Design methodologies for deepwater completions vary when compared to conventional type completions. The basis of design in a conventional type completion includes: 1) a production packer to isolate pressure and fluids from the producing zone and manage production tubing movement and loads; 2) a surface-controlled subsurface safety valve (SCSSV), whose objective is to isolate the tubing and well head from well fluids in an emergency or planned shutdown; and 3) flow control equipment, such as landing nipples, chemical injection nipples, and sliding sleeves. Deepwater subsea or dry tree completions have similar basic requirements as that of conventional completions. However, critical to deepwater are the completion design, planning, quality assurance and quality control, reliability, execution/deployment, and longevity of the completion.
Drivers for completion methodologies in subsea and dry tree applications will be discussed. Issues such as tubing space-out, packer-setting methods, SCSSV operating parameters, sub-mudline tubing and packoff hangers will be reviewed. Temporary well suspension methods will also be discussed where applicable and different completion options will be outlined for each case.
History and Classification
The demand to replace reserves is pushing operators to drill deeper reservoirs in deeper water. Some of the challenges of producing hydrocarbon in this type of environment are to identify viable prospects, and efficiently drill and complete these wells. These challenges are driving the industry to develop technologies that will address this high-cost environment. So what is considered deepwater? US Mineral and Management Service (MMS) considers water more than 1,000 ft (305 m) to be deepwater. In the industry, some operators consider ultradeep water as more than 5,000 ft (1524 m).

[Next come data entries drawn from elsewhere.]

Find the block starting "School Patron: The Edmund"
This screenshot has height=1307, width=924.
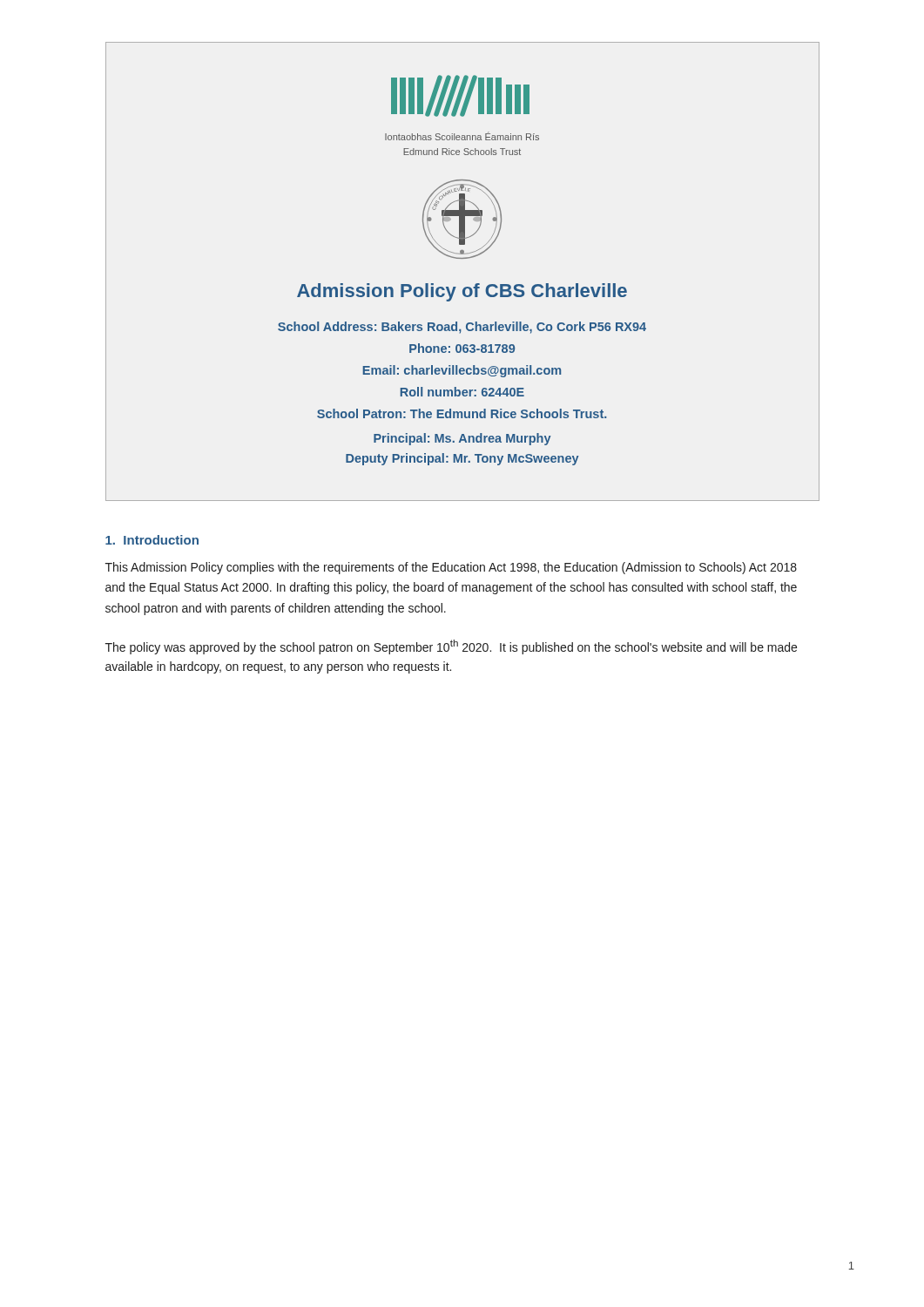coord(462,414)
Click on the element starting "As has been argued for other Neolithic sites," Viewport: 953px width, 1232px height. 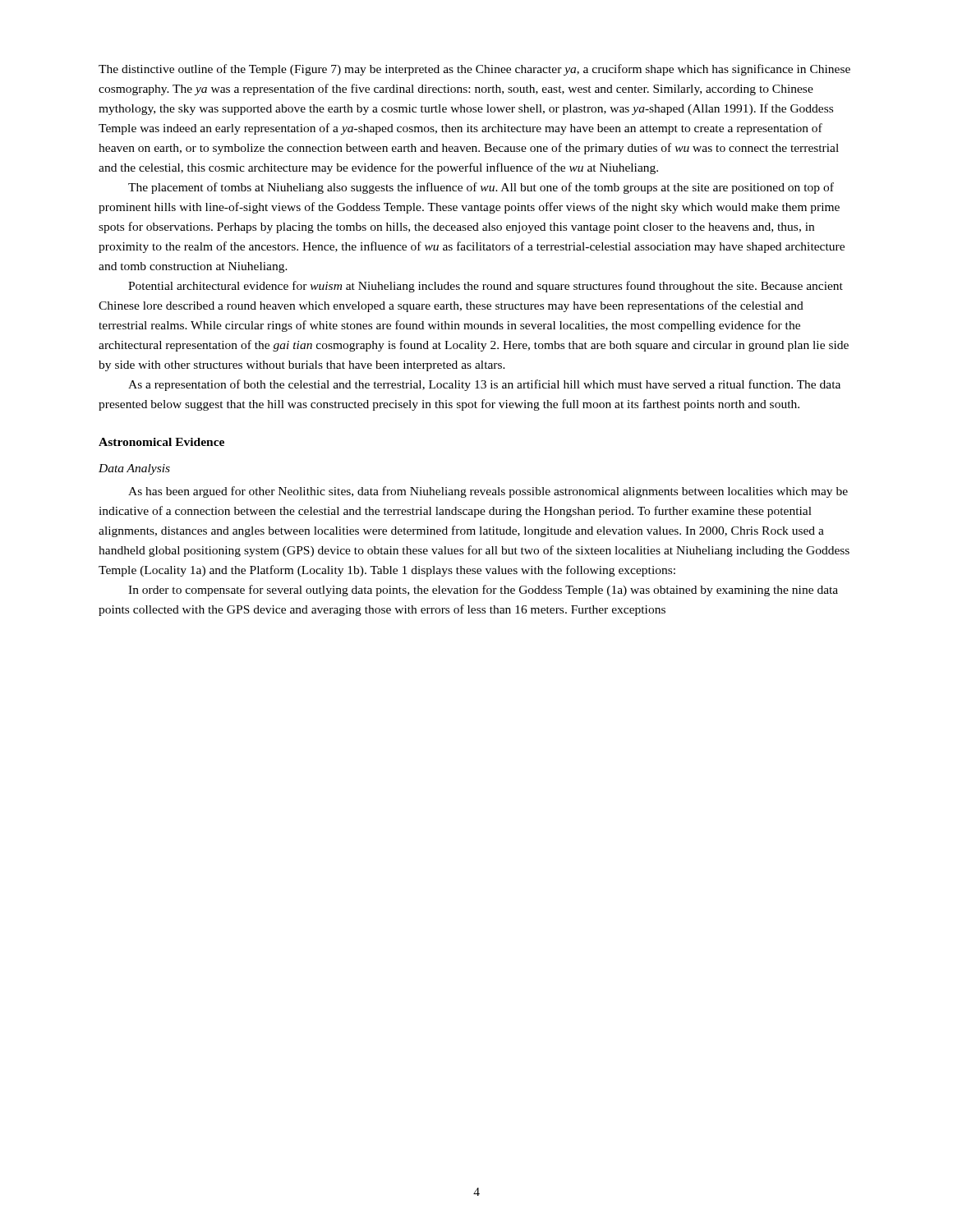coord(476,531)
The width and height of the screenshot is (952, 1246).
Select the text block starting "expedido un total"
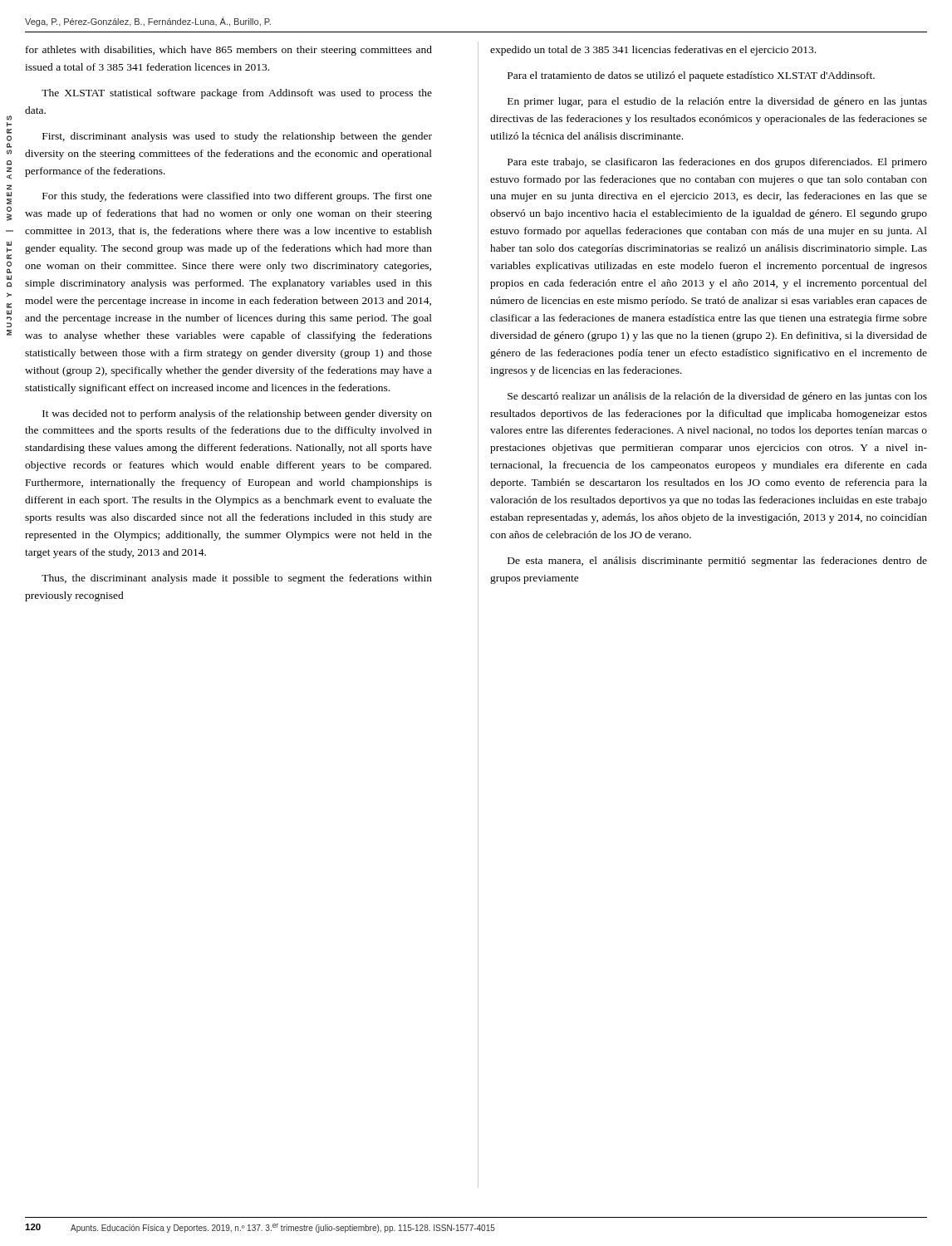709,314
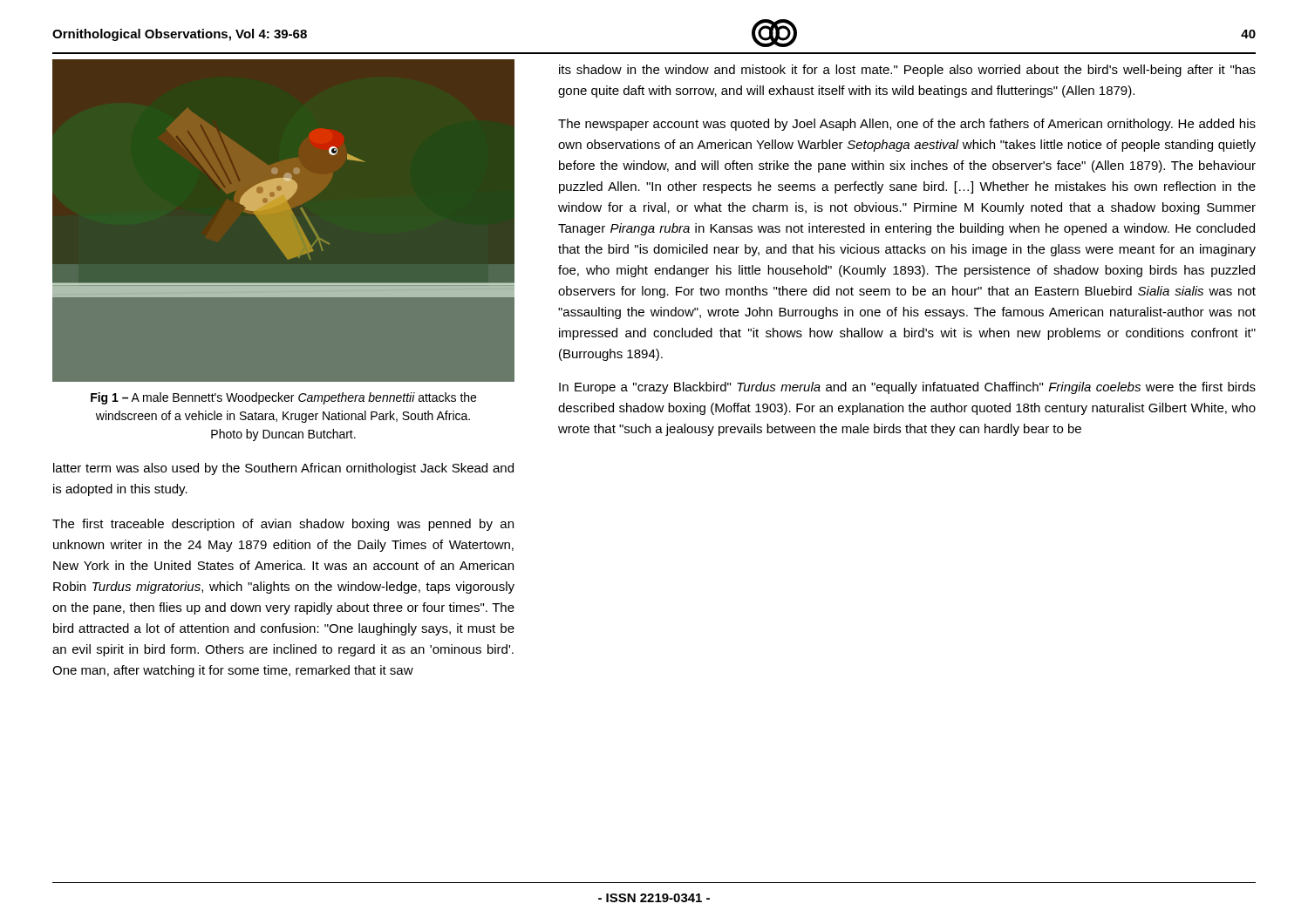Viewport: 1308px width, 924px height.
Task: Click on the text block with the text "its shadow in the window and"
Action: coord(907,80)
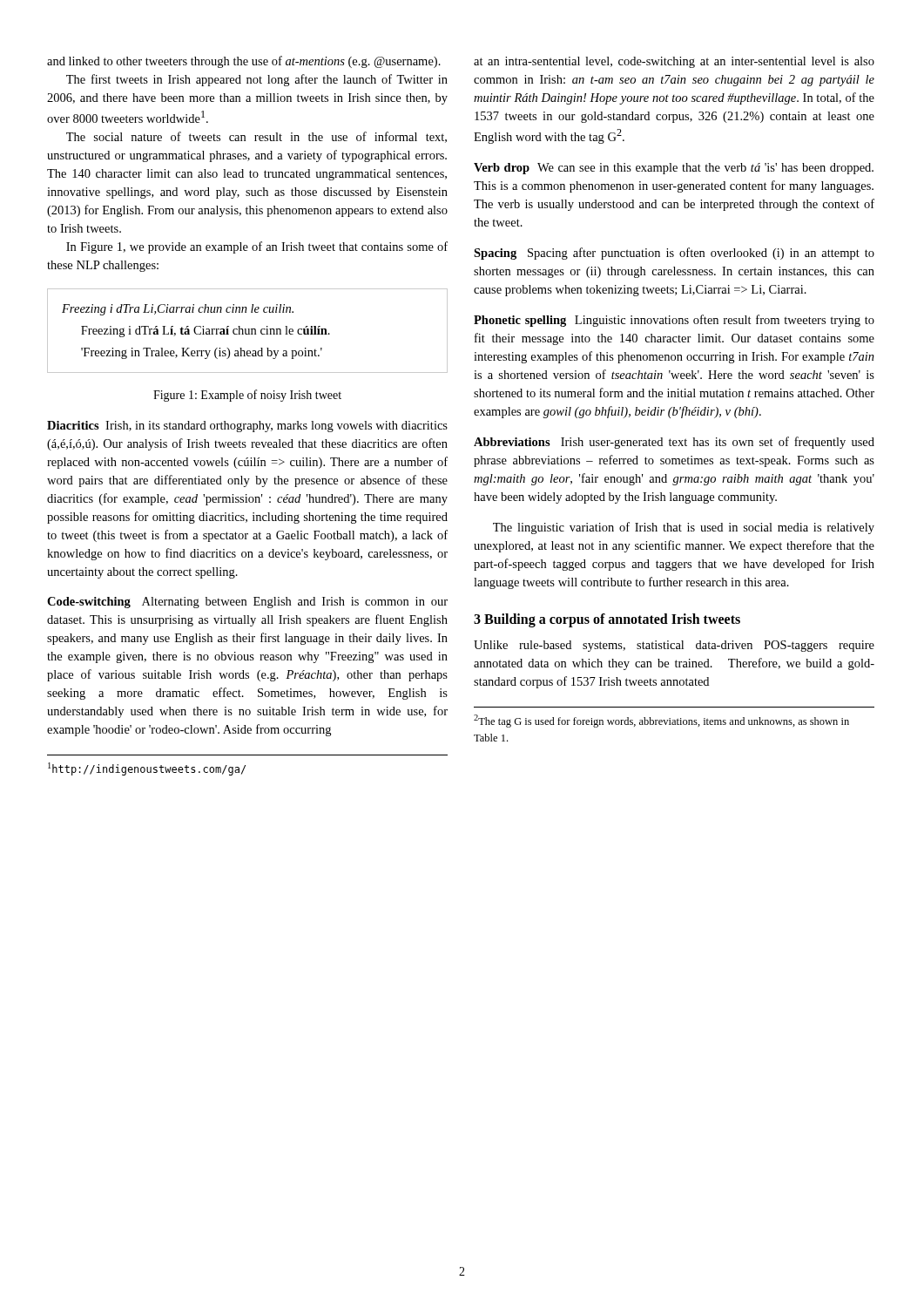The height and width of the screenshot is (1307, 924).
Task: Click the caption that begins "Figure 1: Example"
Action: 247,396
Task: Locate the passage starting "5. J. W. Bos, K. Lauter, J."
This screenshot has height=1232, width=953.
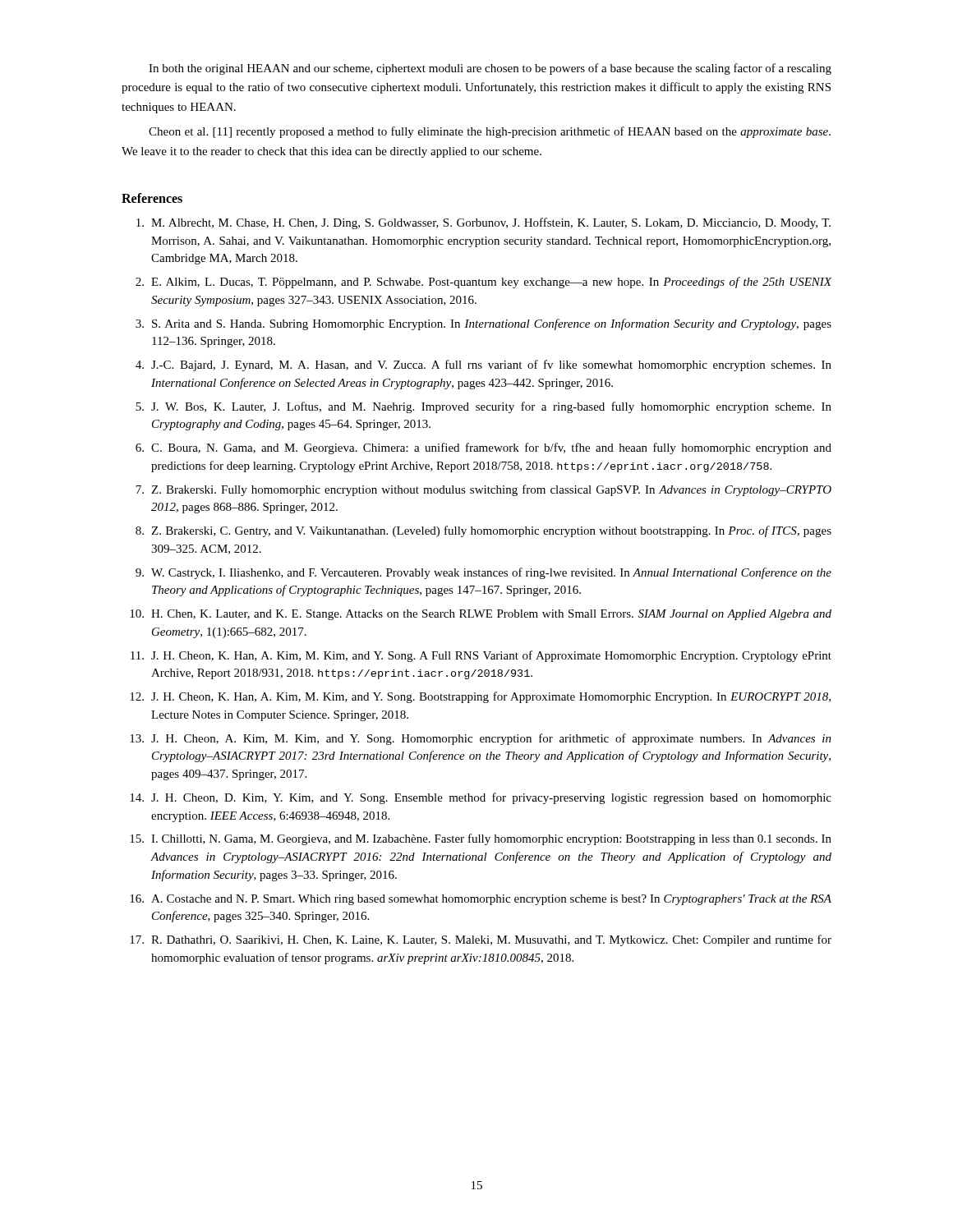Action: click(x=476, y=416)
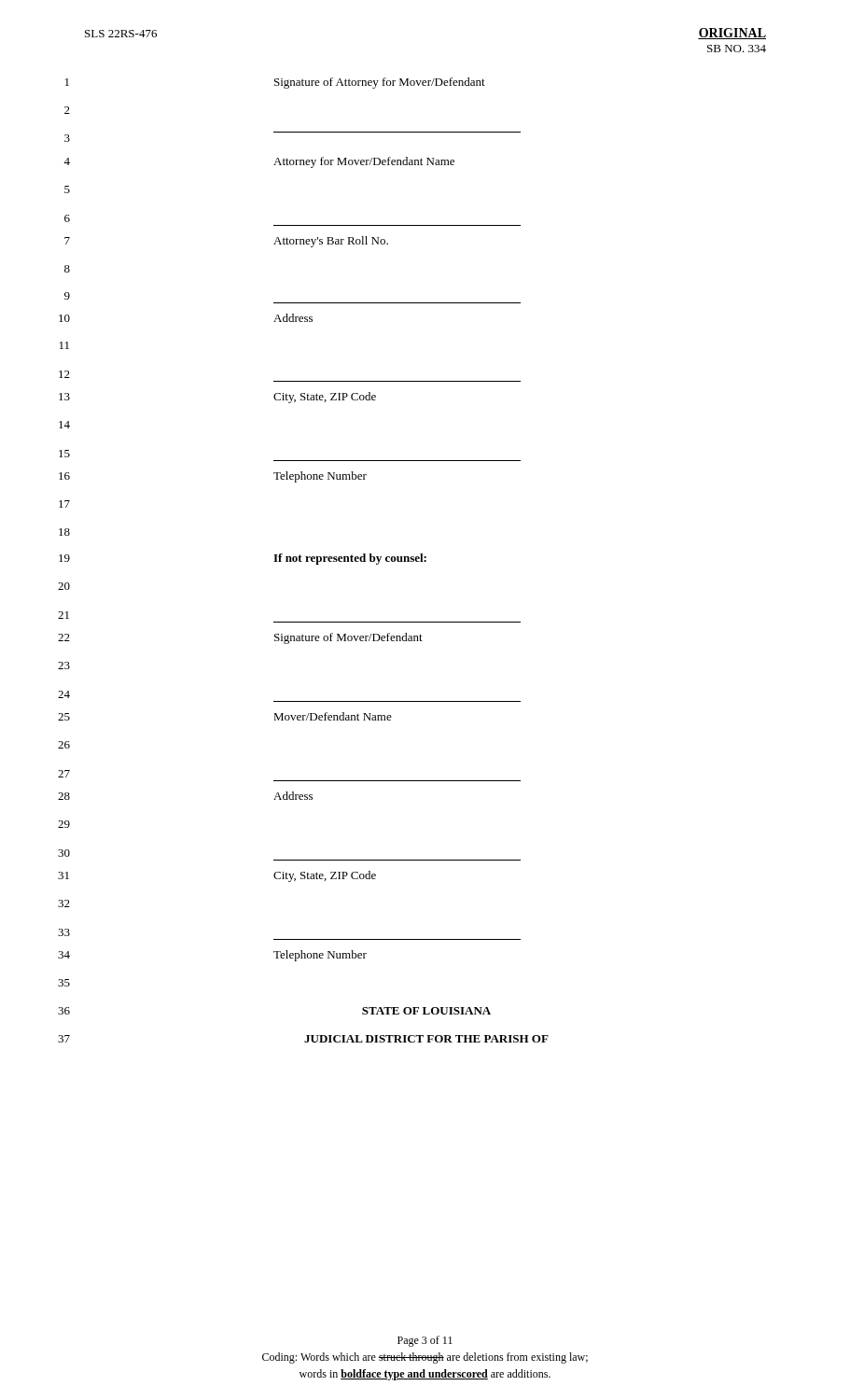This screenshot has width=850, height=1400.
Task: Point to the text block starting "4 Attorney for Mover/Defendant Name"
Action: pyautogui.click(x=425, y=161)

Deepwater oil and gas production is increasing rapidly and output is expected to more than double by 2010. From 3 MMb/d in 2005, deepwater oil production will grow to over 6.7 MMb/d in 2010, while deepwater gas production will increase from 60 to 108 bcm (1-1.9 MMbbl equivalent) over the same period. To put this in context, deepwater oil production currently accounts for 10% of the total offshore oil production; however over the next 10 years, its total share relative to shallow water output will rapidly grow and account for an estimated 25% of offshore production by 2015.
The most identifiable deepwater markets are Africa, Gulf of Mexico, and Brazil, which account for 80%-90% of current deepwater production. Latin American counties (Mexico and Colombia) and Asia (Indonesia and India) are upcoming markets that are pursuing development in water depths in excess of 1,000 ft (305 m).